The company has the intellectual capital to realize that potential. Dorfman, TCH's chief executive officer, served as president of Host International — a billion-dollar, 40,000-plus employee company related to Marriott Corporation — from 1988 to 1992. TCH's chief financial officer, Jack Shute, is a former Jabil Circuit executive.
TCH is also getting experienced help from outside the company. Dorfman and Shute have built a successful relationship with Chris Lewis, another former Jabil executive. And both Richard Frueh, former co-founder of GunnAllen Financial, and Robert Gries, of Gries Investment Funds, helped the company with their corporate launch in May 2008.
Those efforts combined have put TCH on an accelerated path for growth. After having operated five stores at the end of 2008, the company plans on increasing that number to at least 30 by the end of this year.

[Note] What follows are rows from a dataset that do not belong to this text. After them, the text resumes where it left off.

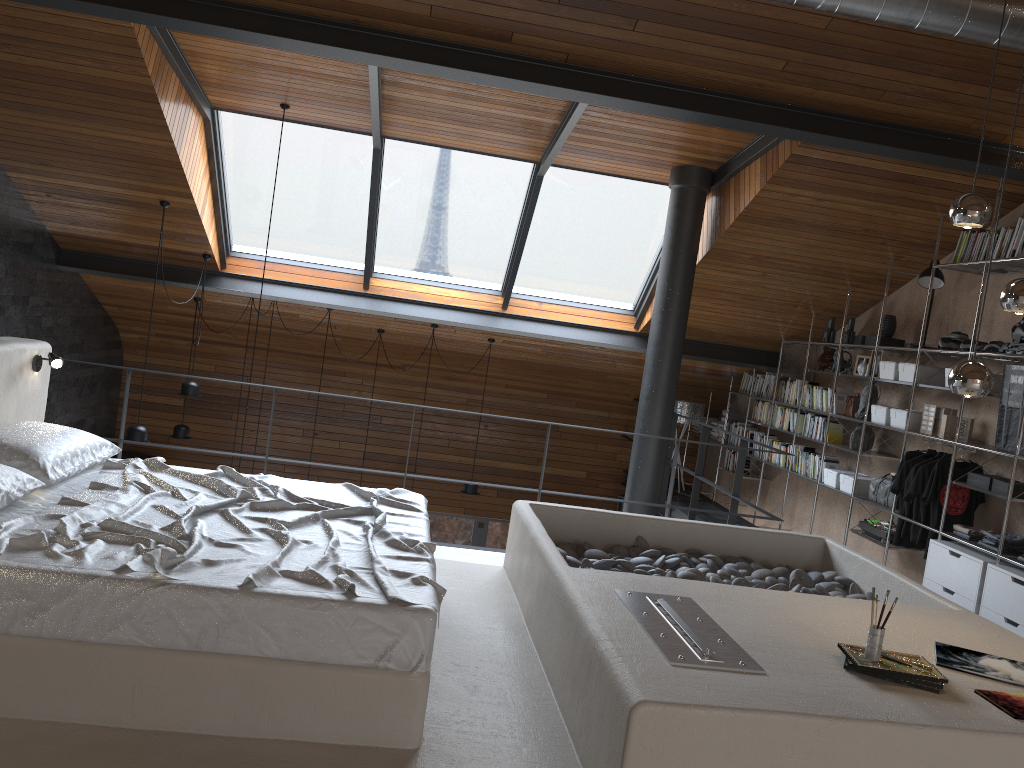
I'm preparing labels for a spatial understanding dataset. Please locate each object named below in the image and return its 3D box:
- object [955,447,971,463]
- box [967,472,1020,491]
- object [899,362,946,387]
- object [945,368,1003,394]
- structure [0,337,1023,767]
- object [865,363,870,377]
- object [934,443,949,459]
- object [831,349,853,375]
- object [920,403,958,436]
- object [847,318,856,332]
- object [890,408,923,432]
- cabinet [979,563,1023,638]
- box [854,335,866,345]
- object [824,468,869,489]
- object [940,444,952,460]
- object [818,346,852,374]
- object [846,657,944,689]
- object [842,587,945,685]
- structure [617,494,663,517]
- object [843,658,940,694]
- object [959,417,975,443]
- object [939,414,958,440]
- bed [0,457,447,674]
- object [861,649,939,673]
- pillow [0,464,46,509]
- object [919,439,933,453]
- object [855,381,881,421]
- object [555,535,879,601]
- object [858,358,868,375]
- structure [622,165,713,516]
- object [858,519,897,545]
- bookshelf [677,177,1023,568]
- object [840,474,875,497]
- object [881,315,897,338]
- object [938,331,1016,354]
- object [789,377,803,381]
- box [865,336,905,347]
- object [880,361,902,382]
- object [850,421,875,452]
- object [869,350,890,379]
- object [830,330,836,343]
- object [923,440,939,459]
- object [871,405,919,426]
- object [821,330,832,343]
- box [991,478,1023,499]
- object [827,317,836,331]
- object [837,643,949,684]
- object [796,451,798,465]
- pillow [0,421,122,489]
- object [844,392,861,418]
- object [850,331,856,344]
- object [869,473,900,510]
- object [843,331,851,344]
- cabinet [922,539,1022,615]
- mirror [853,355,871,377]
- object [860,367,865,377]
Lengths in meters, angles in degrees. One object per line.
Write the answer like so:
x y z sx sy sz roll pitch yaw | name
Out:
2.924 0.469 5.766 0.283 0.118 0.016 8 3 -7 | object
2.969 0.611 5.473 0.208 0.079 0.207 8 3 -9 | box
2.937 -0.065 6.317 0.295 0.136 0.228 8 3 -7 | object
3.003 -0.018 5.767 0.290 0.124 0.222 8 3 -7 | object
-0.255 0.695 3.544 4.613 1.120 2.634 8 3 -7 | structure
2.775 -0.111 6.908 0.037 0.114 0.037 7 3 -22 | object
2.892 0.495 5.963 0.387 0.197 0.009 7 3 -11 | object
2.781 -0.190 7.440 0.197 0.220 0.102 7 3 -23 | object
2.927 0.253 6.074 0.142 0.205 0.196 8 3 -9 | object
2.848 -0.497 7.441 0.029 0.114 0.084 8 3 4 | object
2.885 0.265 6.336 0.295 0.136 0.228 8 3 -7 | object
2.930 1.350 4.864 0.435 0.561 0.527 8 3 -7 | cabinet
2.882 -0.336 7.120 0.208 0.079 0.207 8 3 6 | box
2.704 0.779 7.188 0.295 0.136 0.228 8 3 -7 | object
2.899 0.500 5.899 0.387 0.197 0.009 7 3 -11 | object
2.783 -0.205 7.643 0.278 0.222 0.138 11 4 39 | object
1.213 0.901 2.836 0.276 0.013 0.207 9 3 17 | object
1.223 0.779 2.821 0.301 0.234 0.245 9 3 12 | object
1.549 1.687 10.589 0.462 0.735 0.488 11 4 43 | structure
1.213 0.914 2.836 0.276 0.013 0.207 10 4 24 | object
2.944 0.298 5.765 0.074 0.156 0.078 11 4 42 | object
2.883 0.285 5.851 0.074 0.156 0.078 9 3 7 | object
-1.299 0.662 3.418 2.011 0.484 1.826 8 3 -7 | bed
1.234 0.887 2.834 0.232 0.010 0.064 10 4 29 | object
-1.923 0.340 2.841 0.502 0.176 0.837 8 3 -7 | pillow
2.880 0.441 6.130 0.283 0.118 0.016 8 3 -7 | object
2.796 0.138 6.967 0.157 0.339 0.229 9 3 19 | object
0.974 0.997 4.276 1.842 0.246 1.436 8 3 -7 | object
2.805 -0.133 7.069 0.091 0.146 0.091 10 4 26 | object
1.040 1.138 6.838 1.197 5.700 1.689 8 3 -7 | structure
2.786 1.092 6.516 0.320 0.114 0.404 8 3 -7 | object
2.925 1.227 5.414 0.421 6.219 10.740 8 3 -7 | bookshelf
2.736 0.799 6.922 0.295 0.136 0.228 8 3 -7 | object
2.927 -0.445 6.892 0.115 0.177 0.115 9 3 17 | object
3.037 -0.268 5.799 0.286 0.141 0.657 7 3 -14 | object
2.650 0.067 8.311 0.146 0.240 0.023 8 3 -7 | object
2.901 -0.320 6.904 0.208 0.079 0.207 8 3 -10 | box
2.906 -0.084 6.575 0.295 0.136 0.228 8 3 -7 | object
2.792 0.409 7.052 0.166 0.240 0.390 10 4 25 | object
2.844 -0.151 6.872 0.062 0.219 0.157 8 3 -7 | object
2.765 -0.401 7.639 0.029 0.117 0.086 9 3 13 | object
2.877 0.486 6.085 0.387 0.197 0.009 7 3 -11 | object
2.853 0.246 6.599 0.295 0.136 0.228 8 3 -7 | object
2.744 -0.409 7.735 0.029 0.117 0.086 7 3 -21 | object
2.988 0.627 5.240 0.208 0.079 0.207 8 3 5 | box
2.767 -0.520 7.680 0.029 0.114 0.084 8 3 0 | object
1.207 0.888 2.826 0.276 0.013 0.207 8 3 3 | object
2.597 0.697 7.902 0.131 0.180 0.042 8 3 -8 | object
-2.030 0.276 3.728 0.509 0.173 0.842 8 3 -7 | pillow
2.780 0.169 7.200 0.082 0.202 0.227 11 4 44 | object
2.841 -0.378 7.400 0.029 0.117 0.086 9 3 17 | object
2.791 0.776 6.516 0.166 0.247 0.376 8 3 -10 | object
2.828 -0.386 7.496 0.029 0.117 0.086 7 3 -17 | object
2.859 1.308 5.416 0.435 0.561 0.527 8 3 -7 | cabinet
2.854 -0.144 7.187 0.069 0.168 0.130 6 4 -37 | mirror
2.757 -0.097 6.957 0.037 0.077 0.037 7 3 -22 | object
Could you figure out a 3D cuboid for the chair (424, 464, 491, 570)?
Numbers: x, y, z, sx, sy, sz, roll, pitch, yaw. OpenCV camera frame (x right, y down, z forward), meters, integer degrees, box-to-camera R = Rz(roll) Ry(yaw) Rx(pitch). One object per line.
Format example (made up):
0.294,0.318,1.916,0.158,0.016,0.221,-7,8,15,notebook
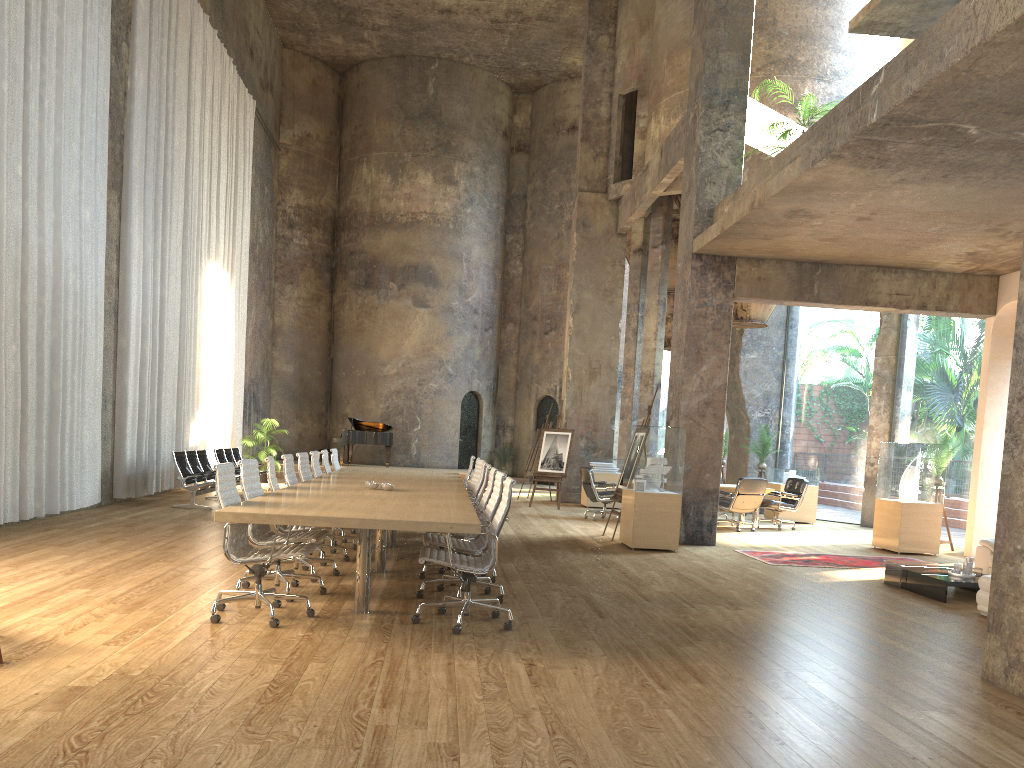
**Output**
-0.533,1.301,8.769,0.698,1.032,0.662,3,2,4,chair

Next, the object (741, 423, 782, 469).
5.029,1.255,17.861,0.859,0.946,0.684,3,1,-2,object

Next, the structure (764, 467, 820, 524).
5.359,2.141,16.869,0.735,1.021,0.739,3,1,-5,structure

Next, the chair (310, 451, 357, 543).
-2.058,1.314,10.325,0.699,1.032,0.662,3,2,1,chair

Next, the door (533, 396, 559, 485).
1.044,1.656,25.874,0.897,2.649,0.111,6,5,37,door

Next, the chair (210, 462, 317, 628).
-1.668,1.059,5.921,0.699,1.032,0.662,3,2,1,chair

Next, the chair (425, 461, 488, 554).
-0.600,1.352,9.645,0.699,1.032,0.662,3,2,1,chair

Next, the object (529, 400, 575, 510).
0.842,1.363,17.066,0.698,2.161,0.682,5,4,27,object

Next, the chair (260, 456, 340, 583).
-1.833,1.157,7.629,0.699,1.032,0.661,3,2,-5,chair

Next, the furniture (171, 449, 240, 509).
-4.761,1.479,13.908,0.709,0.845,1.865,3,-2,-4,furniture

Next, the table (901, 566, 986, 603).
4.355,1.981,8.704,0.790,0.203,1.106,3,-3,-4,table

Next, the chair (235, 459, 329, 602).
-1.765,1.108,6.778,0.698,1.032,0.662,3,2,4,chair

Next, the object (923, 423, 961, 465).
6.246,1.012,12.908,0.689,0.945,0.854,3,1,-14,object

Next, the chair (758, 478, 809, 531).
4.592,2.054,15.174,0.822,0.898,0.726,3,1,-10,chair

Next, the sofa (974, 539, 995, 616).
5.018,1.717,8.104,2.065,0.725,2.919,3,-3,-4,sofa

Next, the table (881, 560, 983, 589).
4.326,1.981,9.070,0.860,0.248,0.368,3,-1,-5,table

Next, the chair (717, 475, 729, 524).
3.559,2.039,15.853,0.730,0.898,0.817,3,1,-4,chair

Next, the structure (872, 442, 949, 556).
5.613,1.610,12.426,0.595,1.557,0.738,3,3,-5,structure

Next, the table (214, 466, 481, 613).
-1.308,1.414,9.176,1.602,0.762,7.688,3,-4,-4,table

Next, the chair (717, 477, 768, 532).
3.670,1.955,14.410,0.731,0.898,0.816,3,1,-31,chair

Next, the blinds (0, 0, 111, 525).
-5.166,-2.892,8.063,0.275,8.697,7.792,3,1,-3,blinds

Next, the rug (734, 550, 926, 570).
4.161,2.204,10.938,2.463,0.009,1.342,3,-4,-5,rug

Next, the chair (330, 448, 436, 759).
0.625,1.597,12.356,12.957,1.037,31.398,3,-4,-4,chair

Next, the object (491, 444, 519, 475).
-0.207,2.271,26.246,0.911,0.997,0.904,3,1,7,object

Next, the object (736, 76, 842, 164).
3.594,-2.778,10.967,1.401,1.821,1.350,3,1,1,object

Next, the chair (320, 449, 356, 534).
-2.133,1.367,11.238,0.699,1.032,0.662,3,2,-1,chair

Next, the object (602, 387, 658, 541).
1.703,1.097,12.055,0.685,2.161,0.695,3,3,-6,object

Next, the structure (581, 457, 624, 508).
1.854,2.010,17.891,0.743,1.021,0.731,3,1,-5,structure

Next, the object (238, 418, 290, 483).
-5.567,1.495,19.739,1.093,1.466,1.122,3,1,-14,object

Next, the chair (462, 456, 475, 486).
-0.848,1.504,12.280,0.699,1.032,0.662,3,2,1,chair

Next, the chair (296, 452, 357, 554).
-1.985,1.262,9.432,0.698,1.032,0.662,3,2,4,chair

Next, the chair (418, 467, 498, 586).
-0.460,1.249,7.876,0.699,1.032,0.662,3,2,1,chair

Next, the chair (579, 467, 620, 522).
1.561,1.871,14.938,0.821,0.898,0.726,3,1,-8,chair

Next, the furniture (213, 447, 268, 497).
-4.950,1.617,16.283,0.709,0.845,1.865,3,-2,-4,furniture

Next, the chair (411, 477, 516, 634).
-0.313,1.141,6.020,0.699,1.032,0.662,3,2,1,chair

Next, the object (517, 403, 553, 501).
0.588,1.466,18.936,0.682,2.161,0.698,4,4,21,object

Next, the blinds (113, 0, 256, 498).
-5.848,-2.391,16.659,0.275,8.697,7.792,3,1,-3,blinds

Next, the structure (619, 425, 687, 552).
1.779,1.319,11.190,0.594,1.557,0.738,3,3,-5,structure

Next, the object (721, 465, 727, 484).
4.861,2.354,20.356,0.659,0.979,0.567,3,2,-10,object

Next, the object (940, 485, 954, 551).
6.132,1.961,12.965,0.659,0.979,0.567,2,3,-40,object

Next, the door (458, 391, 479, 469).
-1.301,1.346,25.676,0.091,2.312,0.903,7,5,44,door

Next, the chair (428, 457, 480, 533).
-0.744,1.456,11.424,0.698,1.032,0.662,3,2,4,chair

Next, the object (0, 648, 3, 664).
-2.816,0.784,4.584,0.568,1.306,0.657,5,3,29,object

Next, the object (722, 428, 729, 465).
4.855,1.399,20.308,0.686,0.945,0.857,4,1,16,object

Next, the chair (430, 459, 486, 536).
-0.668,1.407,10.573,0.699,1.032,0.661,3,2,-5,chair

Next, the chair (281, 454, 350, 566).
-1.918,1.211,8.556,0.699,1.032,0.662,3,2,1,chair

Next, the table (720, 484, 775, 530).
3.103,2.059,15.061,2.411,0.704,1.100,3,-1,-5,table

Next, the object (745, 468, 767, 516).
5.138,2.213,17.863,0.568,0.978,0.658,4,2,32,object

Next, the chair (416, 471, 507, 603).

By Dorfman's estimation, sustaining that growth will take TCH over $100 million in annual revenue by 2018.
While working to achieve that goal, Dorfman says the company will stay lean from a corporate standpoint. Currently, he and Shute handle as much of the workload as they can, “from opening the mail to doing financial statements,” as Shute puts it.
That keeps workflows smooth. “There's no bureaucracy, that's for sure,” adds Shute.
Beyond those two, TCH employs a marketing manager, one individual focused on raising capital, and three regional vice presidents for each city in which they do business.
For now, that's it.
Keeping the corporate staff small helps Dorfman get a good look at the markets his restaurants are serving. He calls Tampa the company's “softest” market, given recent economic conditions, while Houston represents the business' strongest region.
When he first signed on with Five Guys, Dorfman didn't expect to grow outside of Hillsborough County. But the financial partnerships he's built in the past two years have changed his vision.
Whether he ended up with 15 stores or the 100 he has the rights to now, he says the long-term vision had to be there from the start. “You've got to be emotionally and financially committed,” he says.
TCH's commitment to a long-term, large-scale growth plan could create a major player in the restaurant franchising business by the end of this decade.